┌──

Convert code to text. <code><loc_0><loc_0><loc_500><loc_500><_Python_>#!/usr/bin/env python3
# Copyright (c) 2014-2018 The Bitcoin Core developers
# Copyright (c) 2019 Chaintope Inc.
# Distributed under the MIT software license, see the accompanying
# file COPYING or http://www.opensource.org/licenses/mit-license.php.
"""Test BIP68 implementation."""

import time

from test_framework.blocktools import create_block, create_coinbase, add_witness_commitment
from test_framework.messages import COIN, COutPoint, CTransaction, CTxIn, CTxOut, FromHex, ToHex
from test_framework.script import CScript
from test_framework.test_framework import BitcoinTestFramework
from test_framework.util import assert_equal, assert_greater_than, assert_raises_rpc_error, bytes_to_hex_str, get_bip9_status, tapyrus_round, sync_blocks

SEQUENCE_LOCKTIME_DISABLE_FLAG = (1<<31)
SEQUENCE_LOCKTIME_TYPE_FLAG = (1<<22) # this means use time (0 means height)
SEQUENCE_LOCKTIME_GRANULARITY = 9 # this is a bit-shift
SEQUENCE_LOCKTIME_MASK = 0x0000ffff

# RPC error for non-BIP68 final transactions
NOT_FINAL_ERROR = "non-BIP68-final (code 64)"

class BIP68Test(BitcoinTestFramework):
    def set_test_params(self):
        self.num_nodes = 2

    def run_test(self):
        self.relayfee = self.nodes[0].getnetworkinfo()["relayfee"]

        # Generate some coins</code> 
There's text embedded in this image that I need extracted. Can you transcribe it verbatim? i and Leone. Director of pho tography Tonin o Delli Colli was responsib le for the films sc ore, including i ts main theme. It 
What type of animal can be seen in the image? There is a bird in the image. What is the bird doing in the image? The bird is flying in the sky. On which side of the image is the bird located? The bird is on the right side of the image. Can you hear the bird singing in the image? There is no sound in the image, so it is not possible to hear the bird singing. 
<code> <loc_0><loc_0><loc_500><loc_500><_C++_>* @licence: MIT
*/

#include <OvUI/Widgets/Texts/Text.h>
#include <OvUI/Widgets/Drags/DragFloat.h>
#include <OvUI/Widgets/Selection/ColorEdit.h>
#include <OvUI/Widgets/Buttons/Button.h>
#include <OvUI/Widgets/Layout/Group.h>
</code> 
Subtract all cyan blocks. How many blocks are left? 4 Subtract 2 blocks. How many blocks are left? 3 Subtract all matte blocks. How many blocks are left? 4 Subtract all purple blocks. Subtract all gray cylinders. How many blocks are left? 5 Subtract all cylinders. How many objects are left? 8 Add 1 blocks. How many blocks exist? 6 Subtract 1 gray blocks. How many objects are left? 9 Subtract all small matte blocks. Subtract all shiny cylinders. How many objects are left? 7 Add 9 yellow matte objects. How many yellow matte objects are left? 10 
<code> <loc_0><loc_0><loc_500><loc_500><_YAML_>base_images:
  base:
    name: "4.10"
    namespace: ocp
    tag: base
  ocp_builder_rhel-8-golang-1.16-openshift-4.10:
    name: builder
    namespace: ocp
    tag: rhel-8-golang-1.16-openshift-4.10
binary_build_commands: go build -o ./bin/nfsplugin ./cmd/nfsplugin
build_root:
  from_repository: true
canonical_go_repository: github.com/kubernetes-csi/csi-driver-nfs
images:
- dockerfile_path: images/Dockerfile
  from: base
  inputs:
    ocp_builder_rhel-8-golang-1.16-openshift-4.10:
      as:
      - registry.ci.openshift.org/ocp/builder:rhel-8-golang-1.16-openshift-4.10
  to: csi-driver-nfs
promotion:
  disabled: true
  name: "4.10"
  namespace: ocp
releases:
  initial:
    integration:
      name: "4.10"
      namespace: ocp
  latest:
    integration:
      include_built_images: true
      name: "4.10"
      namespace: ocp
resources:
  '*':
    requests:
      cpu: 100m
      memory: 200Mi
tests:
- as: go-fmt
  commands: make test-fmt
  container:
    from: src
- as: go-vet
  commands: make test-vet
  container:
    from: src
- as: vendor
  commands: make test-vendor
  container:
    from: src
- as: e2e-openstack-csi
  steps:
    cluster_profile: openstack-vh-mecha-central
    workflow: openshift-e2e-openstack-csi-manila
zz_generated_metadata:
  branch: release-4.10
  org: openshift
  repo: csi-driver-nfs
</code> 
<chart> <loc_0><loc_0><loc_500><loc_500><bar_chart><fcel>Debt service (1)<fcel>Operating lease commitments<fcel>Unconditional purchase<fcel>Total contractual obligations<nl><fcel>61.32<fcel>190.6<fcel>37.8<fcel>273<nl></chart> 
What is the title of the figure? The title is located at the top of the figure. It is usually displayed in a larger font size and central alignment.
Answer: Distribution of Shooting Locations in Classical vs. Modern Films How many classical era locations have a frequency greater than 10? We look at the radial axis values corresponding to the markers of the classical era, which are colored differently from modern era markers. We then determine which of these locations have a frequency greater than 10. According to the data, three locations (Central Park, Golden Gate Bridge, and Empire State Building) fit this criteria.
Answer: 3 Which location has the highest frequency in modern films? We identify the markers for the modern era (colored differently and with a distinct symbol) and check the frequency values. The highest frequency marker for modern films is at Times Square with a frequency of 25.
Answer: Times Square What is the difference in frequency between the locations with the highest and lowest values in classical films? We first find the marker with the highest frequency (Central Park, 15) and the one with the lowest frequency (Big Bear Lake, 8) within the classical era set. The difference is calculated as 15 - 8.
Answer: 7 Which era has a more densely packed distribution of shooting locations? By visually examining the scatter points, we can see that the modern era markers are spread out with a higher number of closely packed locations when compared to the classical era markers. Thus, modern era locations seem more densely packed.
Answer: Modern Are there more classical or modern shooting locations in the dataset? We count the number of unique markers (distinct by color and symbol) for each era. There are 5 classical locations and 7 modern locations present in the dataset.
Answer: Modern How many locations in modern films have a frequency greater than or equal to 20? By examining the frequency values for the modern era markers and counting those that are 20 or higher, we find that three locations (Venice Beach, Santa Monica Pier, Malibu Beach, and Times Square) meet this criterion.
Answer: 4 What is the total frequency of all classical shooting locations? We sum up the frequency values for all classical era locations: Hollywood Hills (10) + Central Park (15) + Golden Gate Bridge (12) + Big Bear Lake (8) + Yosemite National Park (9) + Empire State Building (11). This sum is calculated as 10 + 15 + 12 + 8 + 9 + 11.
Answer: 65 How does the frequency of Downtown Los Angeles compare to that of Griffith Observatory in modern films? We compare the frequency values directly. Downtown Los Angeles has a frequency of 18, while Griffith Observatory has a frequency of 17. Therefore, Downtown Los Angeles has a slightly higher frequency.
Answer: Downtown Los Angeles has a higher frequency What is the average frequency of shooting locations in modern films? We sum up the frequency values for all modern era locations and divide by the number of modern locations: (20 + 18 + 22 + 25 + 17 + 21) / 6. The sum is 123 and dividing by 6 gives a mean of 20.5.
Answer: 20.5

└──

- _INSTRUCTIONS TO FOLLOW_
Copy out every entry exactly.

- _EXERCISE RESPONSE_
Convert code to text. <code><loc_0><loc_0><loc_500><loc_500><_Python_>#!/usr/bin/env python3
# Copyright (c) 2014-2018 The Bitcoin Core developers
# Copyright (c) 2019 Chaintope Inc.
# Distributed under the MIT software license, see the accompanying
# file COPYING or http://www.opensource.org/licenses/mit-license.php.
"""Test BIP68 implementation."""

import time

from test_framework.blocktools import create_block, create_coinbase, add_witness_commitment
from test_framework.messages import COIN, COutPoint, CTransaction, CTxIn, CTxOut, FromHex, ToHex
from test_framework.script import CScript
from test_framework.test_framework import BitcoinTestFramework
from test_framework.util import assert_equal, assert_greater_than, assert_raises_rpc_error, bytes_to_hex_str, get_bip9_status, tapyrus_round, sync_blocks

SEQUENCE_LOCKTIME_DISABLE_FLAG = (1<<31)
SEQUENCE_LOCKTIME_TYPE_FLAG = (1<<22) # this means use time (0 means height)
SEQUENCE_LOCKTIME_GRANULARITY = 9 # this is a bit-shift
SEQUENCE_LOCKTIME_MASK = 0x0000ffff

# RPC error for non-BIP68 final transactions
NOT_FINAL_ERROR = "non-BIP68-final (code 64)"

class BIP68Test(BitcoinTestFramework):
    def set_test_params(self):
        self.num_nodes = 2

    def run_test(self):
        self.relayfee = self.nodes[0].getnetworkinfo()["relayfee"]

        # Generate some coins</code> 
There's text embedded in this image that I need extracted. Can you transcribe it verbatim? i and Leone. Director of pho tography Tonin o Delli Colli was responsib le for the films sc ore, including i ts main theme. It 
What type of animal can be seen in the image? There is a bird in the image. What is the bird doing in the image? The bird is flying in the sky. On which side of the image is the bird located? The bird is on the right side of the image. Can you hear the bird singing in the image? There is no sound in the image, so it is not possible to hear the bird singing. 
<code> <loc_0><loc_0><loc_500><loc_500><_C++_>* @licence: MIT
*/

#include <OvUI/Widgets/Texts/Text.h>
#include <OvUI/Widgets/Drags/DragFloat.h>
#include <OvUI/Widgets/Selection/ColorEdit.h>
#include <OvUI/Widgets/Buttons/Button.h>
#include <OvUI/Widgets/Layout/Group.h>
</code> 
Subtract all cyan blocks. How many blocks are left? 4 Subtract 2 blocks. How many blocks are left? 3 Subtract all matte blocks. How many blocks are left? 4 Subtract all purple blocks. Subtract all gray cylinders. How many blocks are left? 5 Subtract all cylinders. How many objects are left? 8 Add 1 blocks. How many blocks exist? 6 Subtract 1 gray blocks. How many objects are left? 9 Subtract all small matte blocks. Subtract all shiny cylinders. How many objects are left? 7 Add 9 yellow matte objects. How many yellow matte objects are left? 10 
<code> <loc_0><loc_0><loc_500><loc_500><_YAML_>base_images:
  base:
    name: "4.10"
    namespace: ocp
    tag: base
  ocp_builder_rhel-8-golang-1.16-openshift-4.10:
    name: builder
    namespace: ocp
    tag: rhel-8-golang-1.16-openshift-4.10
binary_build_commands: go build -o ./bin/nfsplugin ./cmd/nfsplugin
build_root:
  from_repository: true
canonical_go_repository: github.com/kubernetes-csi/csi-driver-nfs
images:
- dockerfile_path: images/Dockerfile
  from: base
  inputs:
    ocp_builder_rhel-8-golang-1.16-openshift-4.10:
      as:
      - registry.ci.openshift.org/ocp/builder:rhel-8-golang-1.16-openshift-4.10
  to: csi-driver-nfs
promotion:
  disabled: true
  name: "4.10"
  namespace: ocp
releases:
  initial:
    integration:
      name: "4.10"
      namespace: ocp
  latest:
    integration:
      include_built_images: true
      name: "4.10"
      namespace: ocp
resources:
  '*':
    requests:
      cpu: 100m
      memory: 200Mi
tests:
- as: go-fmt
  commands: make test-fmt
  container:
    from: src
- as: go-vet
  commands: make test-vet
  container:
    from: src
- as: vendor
  commands: make test-vendor
  container:
    from: src
- as: e2e-openstack-csi
  steps:
    cluster_profile: openstack-vh-mecha-central
    workflow: openshift-e2e-openstack-csi-manila
zz_generated_metadata:
  branch: release-4.10
  org: openshift
  repo: csi-driver-nfs
</code> 
<chart> <loc_0><loc_0><loc_500><loc_500><bar_chart><fcel>Debt service (1)<fcel>Operating lease commitments<fcel>Unconditional purchase<fcel>Total contractual obligations<nl><fcel>61.32<fcel>190.6<fcel>37.8<fcel>273<nl></chart> 
What is the title of the figure? The title is located at the top of the figure. It is usually displayed in a larger font size and central alignment.
Answer: Distribution of Shooting Locations in Classical vs. Modern Films How many classical era locations have a frequency greater than 10? We look at the radial axis values corresponding to the markers of the classical era, which are colored differently from modern era markers. We then determine which of these locations have a frequency greater than 10. According to the data, three locations (Central Park, Golden Gate Bridge, and Empire State Building) fit this criteria.
Answer: 3 Which location has the highest frequency in modern films? We identify the markers for the modern era (colored differently and with a distinct symbol) and check the frequency values. The highest frequency marker for modern films is at Times Square with a frequency of 25.
Answer: Times Square What is the difference in frequency between the locations with the highest and lowest values in classical films? We first find the marker with the highest frequency (Central Park, 15) and the one with the lowest frequency (Big Bear Lake, 8) within the classical era set. The difference is calculated as 15 - 8.
Answer: 7 Which era has a more densely packed distribution of shooting locations? By visually examining the scatter points, we can see that the modern era markers are spread out with a higher number of closely packed locations when compared to the classical era markers. Thus, modern era locations seem more densely packed.
Answer: Modern Are there more classical or modern shooting locations in the dataset? We count the number of unique markers (distinct by color and symbol) for each era. There are 5 classical locations and 7 modern locations present in the dataset.
Answer: Modern How many locations in modern films have a frequency greater than or equal to 20? By examining the frequency values for the modern era markers and counting those that are 20 or higher, we find that three locations (Venice Beach, Santa Monica Pier, Malibu Beach, and Times Square) meet this criterion.
Answer: 4 What is the total frequency of all classical shooting locations? We sum up the frequency values for all classical era locations: Hollywood Hills (10) + Central Park (15) + Golden Gate Bridge (12) + Big Bear Lake (8) + Yosemite National Park (9) + Empire State Building (11). This sum is calculated as 10 + 15 + 12 + 8 + 9 + 11.
Answer: 65 How does the frequency of Downtown Los Angeles compare to that of Griffith Observatory in modern films? We compare the frequency values directly. Downtown Los Angeles has a frequency of 18, while Griffith Observatory has a frequency of 17. Therefore, Downtown Los Angeles has a slightly higher frequency.
Answer: Downtown Los Angeles has a higher frequency What is the average frequency of shooting locations in modern films? We sum up the frequency values for all modern era locations and divide by the number of modern locations: (20 + 18 + 22 + 25 + 17 + 21) / 6. The sum is 123 and dividing by 6 gives a mean of 20.5.
Answer: 20.5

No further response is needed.